(Items from a dataset)
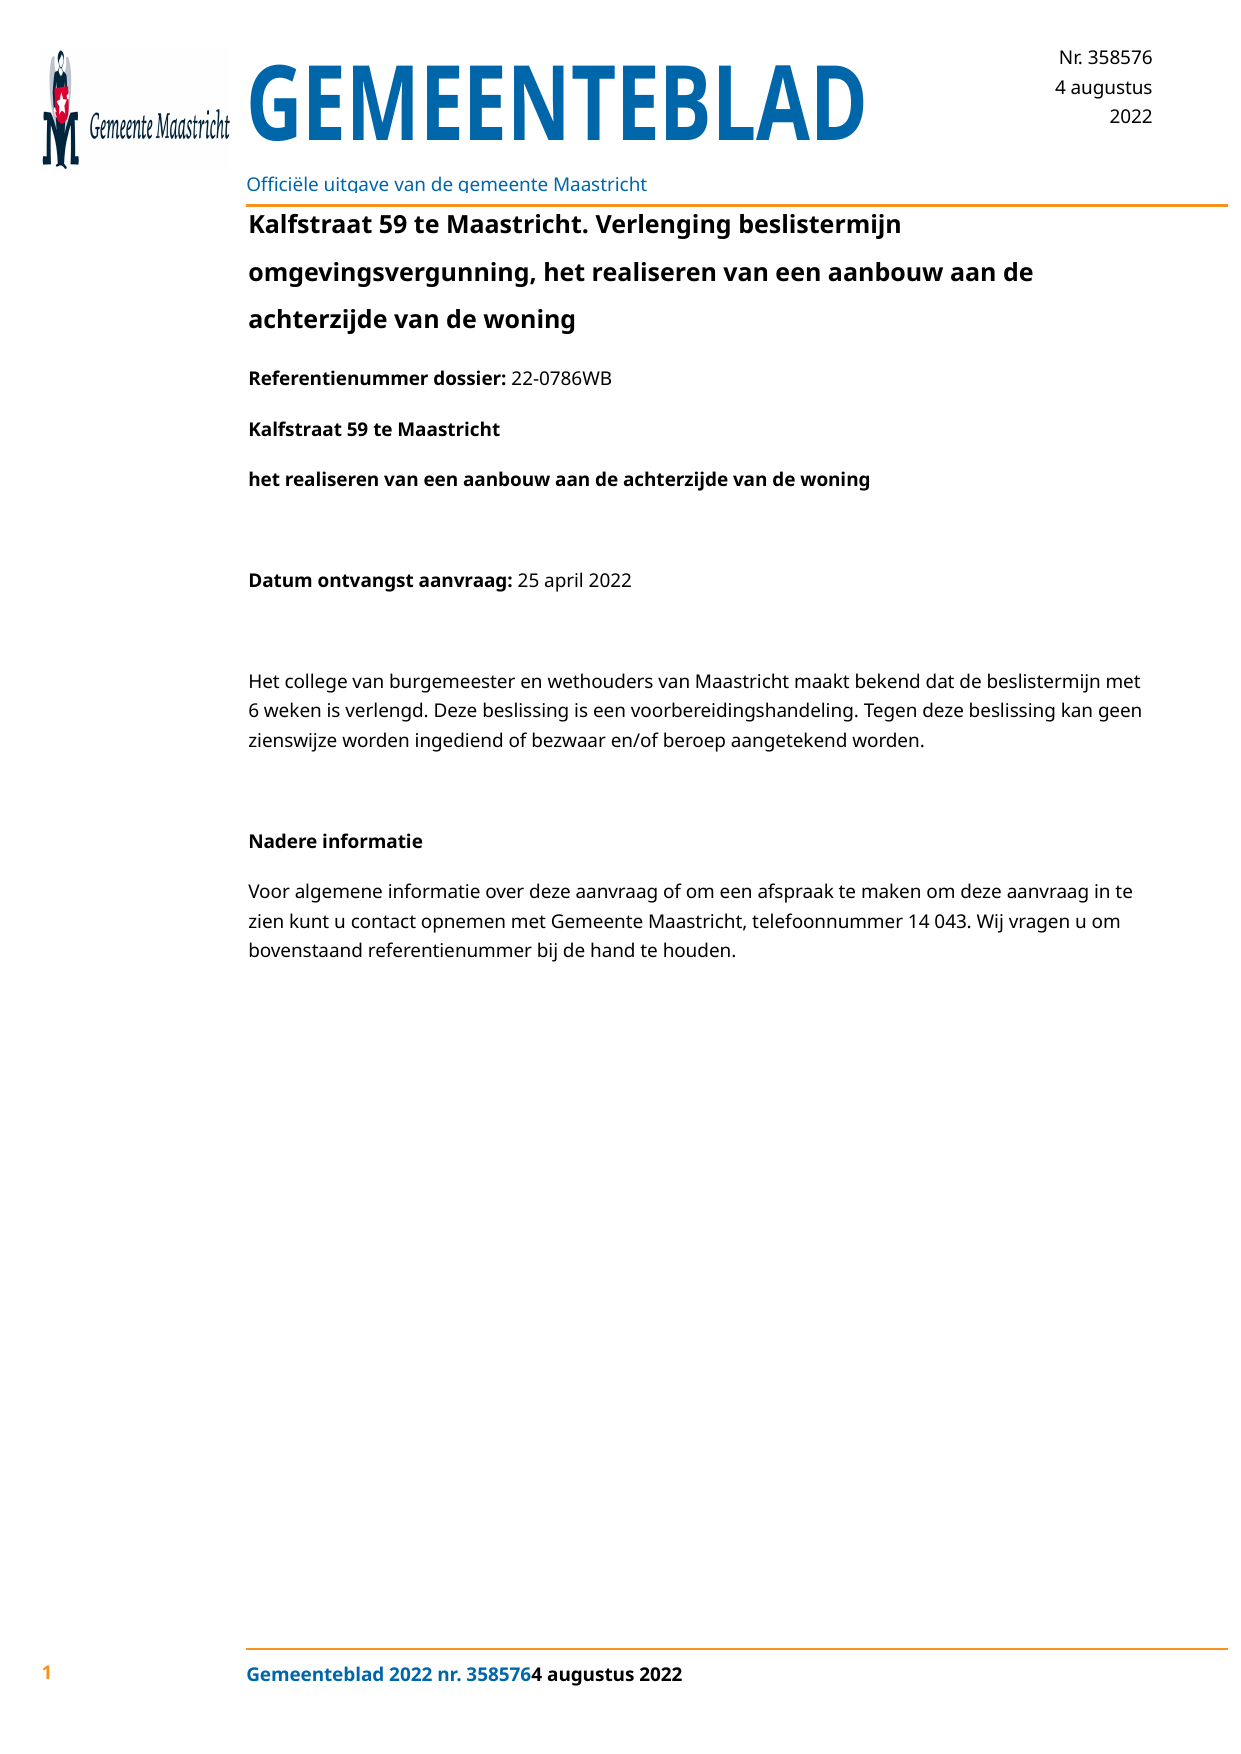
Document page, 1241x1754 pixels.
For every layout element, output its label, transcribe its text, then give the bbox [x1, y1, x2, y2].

text het realiseren van een aanbouw aan de achterzijde van de woning [248, 466, 1152, 492]
text Voor algemene informatie over deze aanvraag of om een afspraak te maken om deze aanvraag in te zien kunt u contact opnemen met Gemeente Maastricht, telefoonnummer 14 043. Wij vragen u om bovenstaand referentienummer bij de hand te houden. [248, 878, 1152, 963]
text Referentienummer dossier: 22-0786WB [248, 366, 1152, 391]
text Kalfstraat 59 te Maastricht [248, 416, 1152, 442]
text Datum ontvangst aanvraag: 25 april 2022 [248, 567, 1152, 593]
text Nadere informatie [248, 828, 1152, 854]
text Het college van burgemeester en wethouders van Maastricht maakt bekend dat de beslistermijn met 6 weken is verlengd. Deze beslissing is een voorbereidingshandeling. Tegen deze beslissing kan geen zienswijze worden ingediend of bezwaar en/of beroep aangetekend worden. [248, 668, 1152, 753]
picture [41, 47, 231, 172]
text Kalfstraat 59 te Maastricht. Verlenging beslistermijn omgevingsvergunning, het realiseren van een aanbouw aan de achterzijde van de woning [248, 207, 1152, 336]
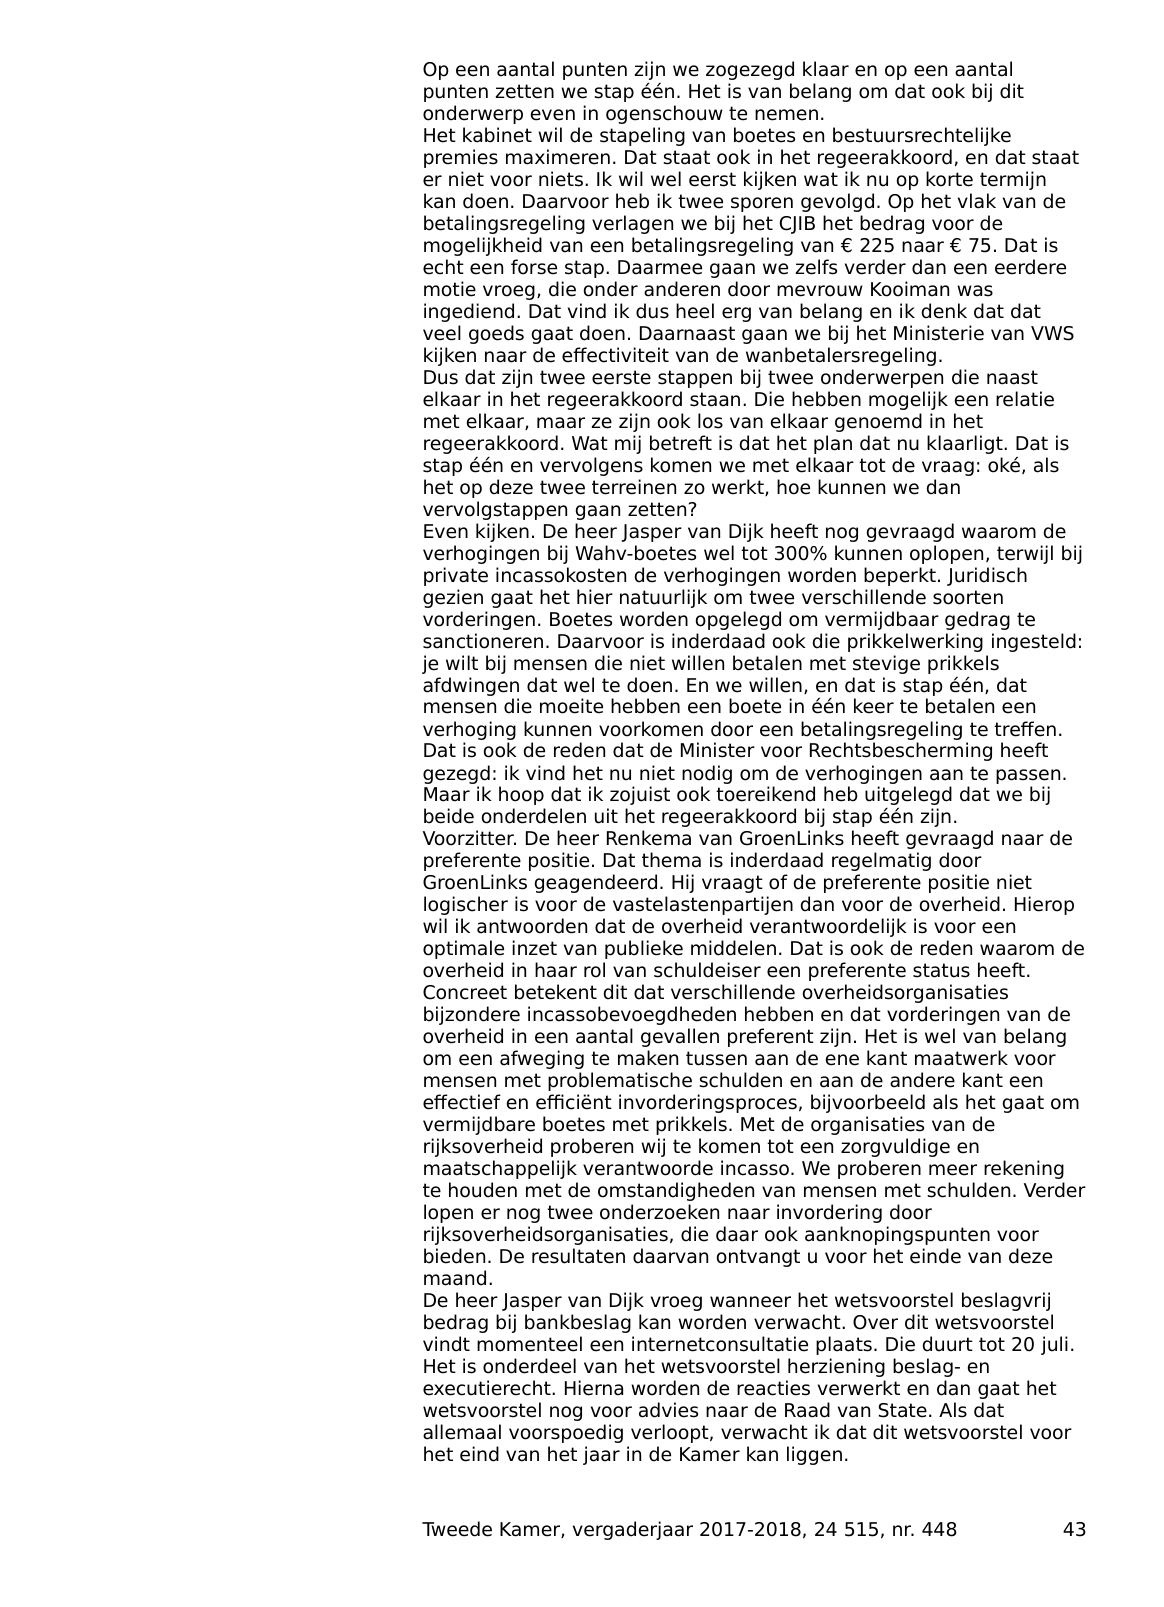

DIRECTIONS.
Each record is to be restated word for word; no picture goes in.

EXERCISE SOLUTION.
Document page, 1241x1754 pixels.
For every layout element, output its label, transcribe its text, then give the bbox [x1, y1, x2, y2].

text het realiseren van een aanbouw aan de achterzijde van de woning [248, 466, 1152, 492]
text Voor algemene informatie over deze aanvraag of om een afspraak te maken om deze aanvraag in te zien kunt u contact opnemen met Gemeente Maastricht, telefoonnummer 14 043. Wij vragen u om bovenstaand referentienummer bij de hand te houden. [248, 878, 1152, 963]
text Referentienummer dossier: 22-0786WB [248, 366, 1152, 391]
text Kalfstraat 59 te Maastricht [248, 416, 1152, 442]
text Datum ontvangst aanvraag: 25 april 2022 [248, 567, 1152, 593]
text Nadere informatie [248, 828, 1152, 854]
text Het college van burgemeester en wethouders van Maastricht maakt bekend dat de beslistermijn met 6 weken is verlengd. Deze beslissing is een voorbereidingshandeling. Tegen deze beslissing kan geen zienswijze worden ingediend of bezwaar en/of beroep aangetekend worden. [248, 668, 1152, 753]
picture [41, 47, 231, 172]
text Kalfstraat 59 te Maastricht. Verlenging beslistermijn omgevingsvergunning, het realiseren van een aanbouw aan de achterzijde van de woning [248, 207, 1152, 336]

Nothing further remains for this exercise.